• **WORK ORDER**
Look through the entries below and show every line containing the word "pixels".

Records from a collection
┌────────

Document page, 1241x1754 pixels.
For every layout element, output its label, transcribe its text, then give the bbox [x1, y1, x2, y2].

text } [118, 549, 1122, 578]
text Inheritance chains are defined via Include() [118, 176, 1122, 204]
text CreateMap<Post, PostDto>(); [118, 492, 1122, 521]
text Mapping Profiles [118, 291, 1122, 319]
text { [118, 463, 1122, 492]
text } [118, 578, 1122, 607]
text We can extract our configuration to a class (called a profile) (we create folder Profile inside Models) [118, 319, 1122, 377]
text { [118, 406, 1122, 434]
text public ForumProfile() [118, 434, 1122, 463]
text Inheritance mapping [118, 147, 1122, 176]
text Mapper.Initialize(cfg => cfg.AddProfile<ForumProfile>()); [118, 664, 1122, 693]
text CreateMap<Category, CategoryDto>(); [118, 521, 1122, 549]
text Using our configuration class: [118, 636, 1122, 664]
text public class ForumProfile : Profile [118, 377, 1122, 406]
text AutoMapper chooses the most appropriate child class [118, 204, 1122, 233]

└────────
┌────────

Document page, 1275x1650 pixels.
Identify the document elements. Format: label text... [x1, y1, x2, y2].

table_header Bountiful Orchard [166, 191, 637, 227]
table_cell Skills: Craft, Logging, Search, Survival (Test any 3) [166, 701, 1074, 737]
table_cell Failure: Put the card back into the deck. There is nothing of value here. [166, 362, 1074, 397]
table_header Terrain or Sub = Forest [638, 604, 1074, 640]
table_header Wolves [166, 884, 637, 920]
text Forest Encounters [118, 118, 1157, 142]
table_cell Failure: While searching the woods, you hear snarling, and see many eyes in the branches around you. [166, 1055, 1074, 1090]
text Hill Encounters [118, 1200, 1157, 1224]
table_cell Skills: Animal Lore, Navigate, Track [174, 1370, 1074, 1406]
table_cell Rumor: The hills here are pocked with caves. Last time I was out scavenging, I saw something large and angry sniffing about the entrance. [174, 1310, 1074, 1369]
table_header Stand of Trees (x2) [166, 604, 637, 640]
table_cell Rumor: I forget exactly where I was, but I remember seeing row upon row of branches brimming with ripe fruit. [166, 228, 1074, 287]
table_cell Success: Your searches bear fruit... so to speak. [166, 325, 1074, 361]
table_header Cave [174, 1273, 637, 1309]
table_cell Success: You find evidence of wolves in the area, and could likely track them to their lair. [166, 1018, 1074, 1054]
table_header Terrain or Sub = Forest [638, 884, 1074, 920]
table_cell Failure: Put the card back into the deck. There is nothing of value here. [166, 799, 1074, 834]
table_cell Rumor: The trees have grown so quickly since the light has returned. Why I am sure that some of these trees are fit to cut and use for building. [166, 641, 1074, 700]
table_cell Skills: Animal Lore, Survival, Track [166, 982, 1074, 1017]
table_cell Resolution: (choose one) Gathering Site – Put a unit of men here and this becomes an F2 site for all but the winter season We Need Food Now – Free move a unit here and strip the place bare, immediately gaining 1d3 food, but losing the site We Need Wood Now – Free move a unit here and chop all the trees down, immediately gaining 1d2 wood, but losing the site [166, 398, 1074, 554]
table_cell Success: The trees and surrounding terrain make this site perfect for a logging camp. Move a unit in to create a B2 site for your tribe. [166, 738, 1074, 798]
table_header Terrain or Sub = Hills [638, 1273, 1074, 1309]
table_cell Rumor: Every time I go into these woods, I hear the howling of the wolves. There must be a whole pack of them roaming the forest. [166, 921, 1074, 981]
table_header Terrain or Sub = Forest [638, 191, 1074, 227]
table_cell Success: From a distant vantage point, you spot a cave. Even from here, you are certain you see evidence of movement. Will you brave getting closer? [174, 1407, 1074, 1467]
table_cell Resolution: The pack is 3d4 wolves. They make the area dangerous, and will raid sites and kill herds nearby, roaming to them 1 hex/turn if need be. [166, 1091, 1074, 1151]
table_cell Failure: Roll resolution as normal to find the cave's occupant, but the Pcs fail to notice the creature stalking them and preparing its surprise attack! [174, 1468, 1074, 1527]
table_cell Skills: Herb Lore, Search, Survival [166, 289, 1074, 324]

└────────

• **RESULT**
Document page, 1241x1754 pixels.
Document page, 1275x1650 pixels.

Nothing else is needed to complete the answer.